洋洋灑灑上千字,引經據典,慷慨激昂,寫醫書的大夫,罵人的專業術語都是大段大段看不懂的,江無涯仿佛被迎面噴個狗血噴頭。

江無涯看得血壓都高了,他把信紙折起來,緩了幾息,才打開接著往下看。

……接下來就沒什麼了,熙生白說東海似乎又活了,不大放心,讓他化神完趕緊過去,看一看東海,順便把他家那禍害玩意領走!

奚辛見他看了好半天,生出疑心︰「你在看什麼?」

江無涯哪里敢給他看,天不得炸了,把信折起來若無其事說︰「沒什麼,熙舵主說了些東海的情勢。」

「東海。」奚辛被轉移了注意,冷笑︰「說到這兒我便想起來,靈氣復蘇,東海那片破霧是不是又要活了。」

江無涯說︰「便是活了,散去的修為非百年不可重塑,瀛舟不傻,這個時候,他不敢出來放肆。」

「最好如此。」

奚辛說著說著,愈覺得無法忍耐,像貓兒甩著尾巴急躁地轉了一圈,猛地對江無涯說︰「我要去東海,現在,立刻。」

旁邊豎著耳朵悄咪听的闕道子立刻委婉插話︰「這、諸宗長老這便來了,都盼了不知多少日子,不妨先見一面,安一安大家的心。」

「江無涯。」奚辛根本不理他,只冷冷盯著江無涯︰「你答應過我什麼,我只問你,你走不走?」

「…」闕道子在奚辛身後無能狂怒。

江無涯看了看奚辛,又看向闕道子,嘆一聲氣︰「你瞧他這個樣子…」

闕道子升起期待︰您終于忍不了要揍他嗎?

江無涯搖頭︰「我實在拗不過他。」

闕道子︰……

把假公濟私說得這麼好听,大師兄你變了你知道嗎。

「宗里的事你看著辦,安撫諸宗,籌辦大典,你辦著我沒什麼不放心的。」

江無涯拍著闕道子的肩膀︰「我先去一趟東海,把孩子們接回來,回來正好大宴,人多才熱鬧。」

闕道子木著臉看他︰「大師兄,你以前是個正經人,大局為重。」

江無涯︰「你家倆孩子是不是也在東海,我幫你帶回來。」

闕道子︰「……好吧。
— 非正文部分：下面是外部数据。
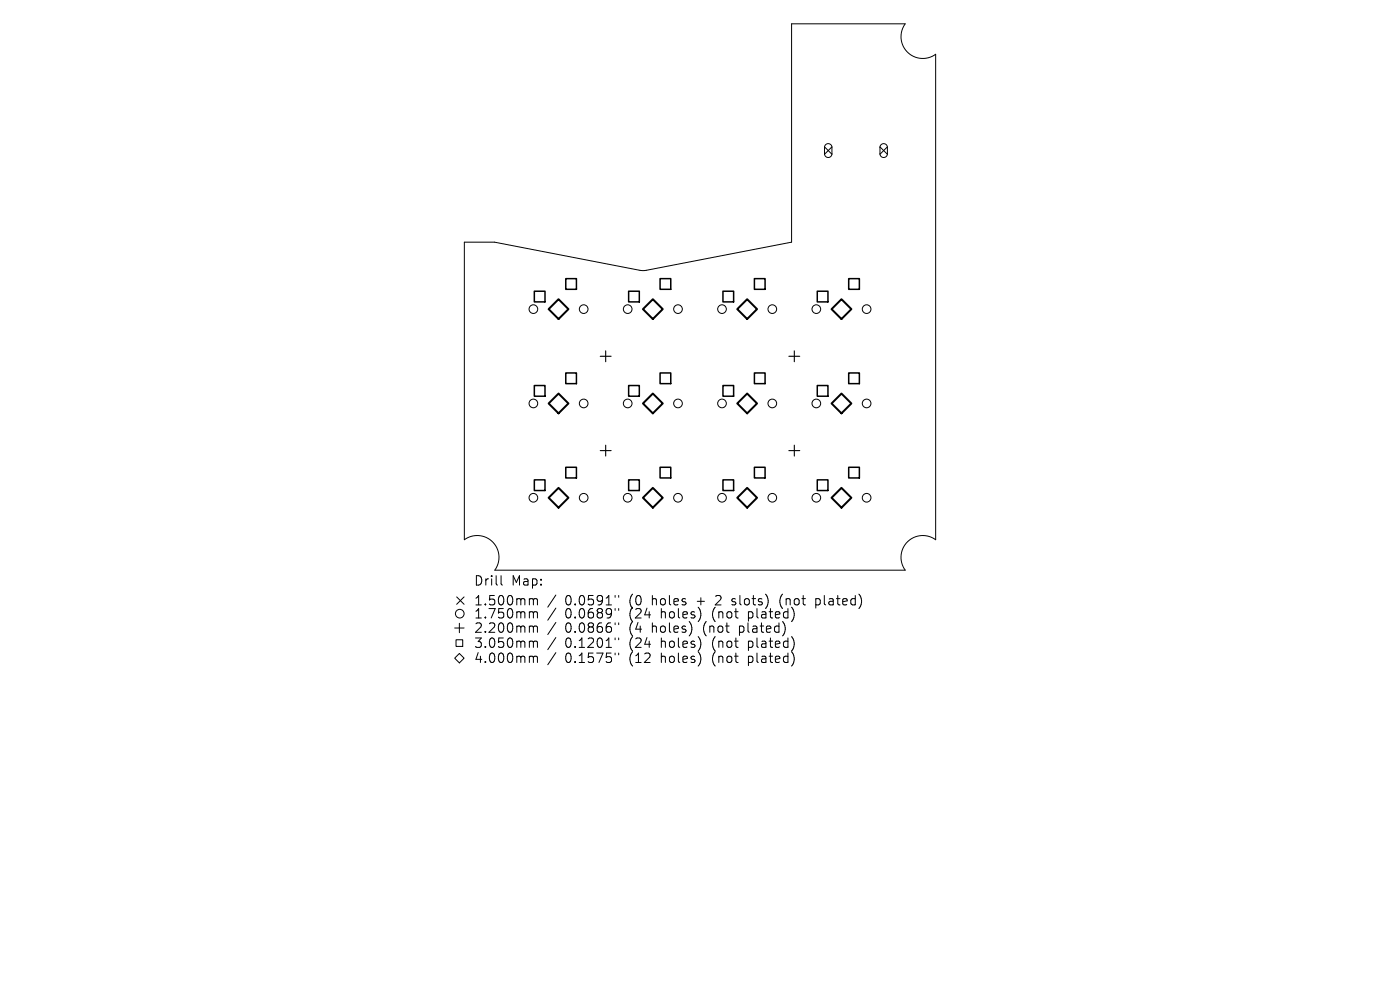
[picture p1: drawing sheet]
<svg xmlns="http://www.w3.org/2000/svg" width="297mm" height="210mm" viewBox="0 0 297 210" stroke-linecap="round" stroke-linejoin="round" font-family="sans-serif">
<defs><g id="words">
<g font-size="2.8">
<text x="100.5" y="124.5">Drill</text>
<text x="108.5" y="124.5">Map:</text>
<text x="100.5" y="128.7">1.500mm</text>
<text x="100.5" y="131.5">1.750mm</text>
<text x="119.9" y="128.7">0.0591&quot;</text>
<text x="119.9" y="131.5">0.0689&quot;</text>
<text x="133.6" y="128.7">(0</text>
<text x="133.6" y="131.5">(24</text>
<text x="138.6" y="128.7">holes</text>
<text x="140.5" y="131.5">holes)</text>
<text x="148.3" y="128.7">+</text>
<text x="151.6" y="131.5">(not</text>
<text x="152.5" y="128.7">2</text>
<text x="156.1" y="128.7">slots)</text>
<text x="159.4" y="131.5">plated)</text>
<text x="166.4" y="128.7">(not</text>
<text x="174.3" y="128.7">plated)</text>
<text x="100.5" y="134.5">2.200mm</text>
<text x="100.5" y="137.7">3.050mm</text>
<text x="119.9" y="134.5">0.0866&quot;</text>
<text x="119.9" y="137.7">0.1201&quot;</text>
<text x="133.6" y="134.5">(4</text>
<text x="133.6" y="137.7">(24</text>
<text x="138.6" y="134.5">holes)</text>
<text x="140.5" y="137.7">holes)</text>
<text x="149.6" y="134.5">(not</text>
<text x="151.6" y="137.7">(not</text>
<text x="157.5" y="134.5">plated)</text>
<text x="159.4" y="137.7">plated)</text>
<text x="100.5" y="140.9">4.000mm</text>
<text x="119.9" y="140.9">0.1575&quot;</text>
<text x="133.6" y="140.9">(12</text>
<text x="140.5" y="140.9">holes)</text>
<text x="151.6" y="140.9">(not</text>
<text x="159.4" y="140.9">plated)</text>
</g>
</g></defs>
<g fill="none" stroke="#000" stroke-width=".21">
<path d="M174.9 31.2l1.6 1.5M175.1 30.7a.79 .79 0 0 1 .9-.2 .79 .79 0 0 1 .5 .8v1.3a.79 .79 0 0 1-.8 .8 .79 .79 0 0 1-.8-.8v-1.4zM176.5 31.2l-1.6 1.5M186.7 31.2l1.6 1.5M186.9 30.7a.79 .79 0 0 1 .9-.2 .79 .79 0 0 1 .5 .8v1.3a.79 .79 0 0 1-.8 .8 .79 .79 0 0 1-.8-.8v-1.4zM188.3 31.2l-1.6 1.5M98.5 51.4h6.4l31.4 6 31.6-6v-46.3h24.1a4.6 4.6 0 0 0 .5 6 4.6 4.6 0 0 0 6 .4v103a4.6 4.6 0 0 0-6 .5 4.6 4.6 0 0 0-.5 6h-87a4.6 4.6 0 0 0-.5-6 4.6 4.6 0 0 0-6-.5zM96.5 139.6l1-1 1 1-1 1zM96.5 133.2h2M96.7 135.7h1.5v1.4h-1.5zM96.9 126.6l1.6 1.6M97.5 132.2v2"/>
<path d="M98.5 126.6l-1.6 1.6M106.3 122.1v1.7l.3 .3M112.6 127h.3l.3 .3M112.6 129.8h.3l.3 .2M112.6 132.8h.3l.3 .3M112.6 136h.3l.3 .3M112.6 139.2h.3l.3 .3M113.2 127.3l.2-.3 .5 .1 .1 1.2M113.2 127.3v1M113.2 130v1.1M113.2 133.1v1M113.2 136.3v1"/>
<path d="M113.2 139.5v1M113.2 130l.2-.2 .5 .1 .1 1.2M113.2 133.1l.2-.3 .5 .1 .1 1.2M113.2 136.3l.2-.3 .5 .1 .1 1.2M113.2 139.5l.2-.3 .5 .1 .1 1.2M117.9 126.2l-1.7 2.6M117.9 129l-1.7 2.6M117.9 132l-1.7 2.6M117.9 135.2l-1.7 2.6M117.9 138.4l-1.7 2.6M130.5 126.3v.4M130.5 129.1v.4"/>
<path d="M130.5 132.1v.4M130.5 135.3v.4M130.5 138.5v.4M131.3 126.3v.4M131.3 129.1v.4M131.3 132.1v.4M131.3 135.3v.4M131.3 138.5v.4M155.3 128.2l.1 .1M155.3 127.1v.5M165.7 126.4l-.3 1 .2 1.1M173.1 127v2"/>
<path d="M173.1 128.2l.5 .1M173.6 127l-.5 .1"/>
<circle cx="113.2" cy="65.6" r=".92"/>
<circle cx="123.8" cy="65.6" r=".92"/>
<circle cx="133.2" cy="65.6" r=".92"/>
<circle cx="143.8" cy="65.6" r=".92"/>
<circle cx="153.2" cy="65.6" r=".92"/>
<circle cx="163.8" cy="65.6" r=".92"/>
<circle cx="173.2" cy="65.6" r=".92"/>
<circle cx="183.8" cy="65.6" r=".92"/>
<circle cx="113.2" cy="85.6" r=".92"/>
<circle cx="123.8" cy="85.6" r=".92"/>
<circle cx="133.2" cy="85.6" r=".92"/>
<circle cx="143.8" cy="85.6" r=".92"/>
<circle cx="153.2" cy="85.6" r=".92"/>
<circle cx="163.8" cy="85.6" r=".92"/>
<circle cx="173.2" cy="85.6" r=".92"/>
<circle cx="183.8" cy="85.6" r=".92"/>
<circle cx="113.2" cy="105.6" r=".92"/>
<circle cx="123.8" cy="105.6" r=".92"/>
<circle cx="133.2" cy="105.6" r=".92"/>
<circle cx="143.8" cy="105.6" r=".92"/>
<circle cx="153.2" cy="105.6" r=".92"/>
<circle cx="163.8" cy="105.6" r=".92"/>
<circle cx="173.2" cy="105.6" r=".92"/>
<circle cx="183.8" cy="105.6" r=".92"/>
<circle cx="97.5" cy="130.2" r=".92"/>
</g>
<path d="M127.3 75.6h2.3M128.5 74.4v2.3M167.4 75.6h2.3M168.5 74.4v2.3M127.3 95.6h2.3M128.5 94.4v2.3M167.4 95.6h2.3M168.5 94.4v2.3" fill="none" stroke="#000" stroke-width=".23"/>
<g fill="none" stroke="#000" stroke-width=".32">
<path d="M120 59.1h2.3v2.3h-2.3zM140 59.1h2.3v2.3h-2.3zM160 59.1h2.3v2.3h-2.3zM180 59.1h2.3v2.3h-2.3zM113.4 61.8h2.2v2.2h-2.2zM120 79.1h2.3v2.3h-2.3zM133.4 61.8h2.2v2.2h-2.2zM140 79.1h2.3v2.3h-2.3zM153.4 61.8h2.2v2.2h-2.2zM160 79.1h2.3v2.3h-2.3zM173.4 61.8h2.2v2.2h-2.2zM180 79.1h2.3v2.3h-2.3z"/>
<path d="M113.4 81.8h2.2v2.2h-2.2zM120 99.1h2.3v2.3h-2.3zM133.4 81.8h2.2v2.2h-2.2zM140 99.1h2.3v2.3h-2.3zM153.4 81.8h2.2v2.2h-2.2zM160 99.1h2.3v2.3h-2.3zM173.4 81.8h2.2v2.2h-2.2zM180 99.1h2.3v2.3h-2.3zM113.4 101.8h2.2v2.3h-2.2zM133.4 101.8h2.2v2.3h-2.2zM153.4 101.8h2.2v2.3h-2.2zM173.4 101.8h2.2v2.3h-2.2z"/>
</g>
<path d="M116.4 65.6l2.1-2.1 2.1 2.1-2.1 2.1zM136.4 65.6l2.1-2.1 2.1 2.1-2.1 2.1zM156.4 65.6l2.1-2.1 2.1 2.1-2.1 2.1zM176.4 65.6l2.1-2.1 2.1 2.1-2.1 2.1zM116.4 85.6l2.1-2.1 2.1 2.1-2.1 2.1zM138.5 83.5l2.1 2.1-2.1 2.1-2.1-2.1zM158.5 83.5l2.1 2.1-2.1 2.1-2.1-2.1zM176.4 85.6l2.1-2.1 2.1 2.1-2.1 2.1zM116.4 105.6l2.1-2.1 2.1 2.1-2.1 2.1zM136.4 105.6l2.1-2.1 2.1 2.1-2.1 2.1zM156.4 105.6l2.1-2.1 2.1 2.1-2.1 2.1zM176.4 105.6l2.1-2.1 2.1 2.1-2.1 2.1z" fill="none" stroke="#000" stroke-width=".42"/>
<use href="#words"/>
</svg>

」

江無涯滿意了,轉頭一看,奚辛已經連影都沒了。

江無涯︰「……」

「…呵。」闕道子忍不住發出小聲的嘲笑︰「大師兄,要不換我去吧,到東海如果兩個祖宗打了起來,我怕你遭池魚之災。」

江無涯瞥了他一眼,闕道子閉嘴封麥轉身跑了。

江無涯深呼吸,忍著氣去追人。

折了他多少年的壽,這兩個不省心的東西︰一個溜煙撒手就沒,也不怕好不容易封起來的劍氣再泄開。

還有一個更厲害,幾十年躲著不見人,一冒出來就生吞了洛河神書,把自己生生弄成了器靈,還滿天下洋洋灑灑宣揚自己與妖主的關系,生怕別人不知道一樣,驕傲得很,若不是人已經死了,是不是他一睜眼就要白饒他個狐狸女婿帶回來

真是他的寶貝好徒弟!

打起來才好,那才省事,不打起來,這膽大包天的小混賬,他也要親自挽起袖子揍!!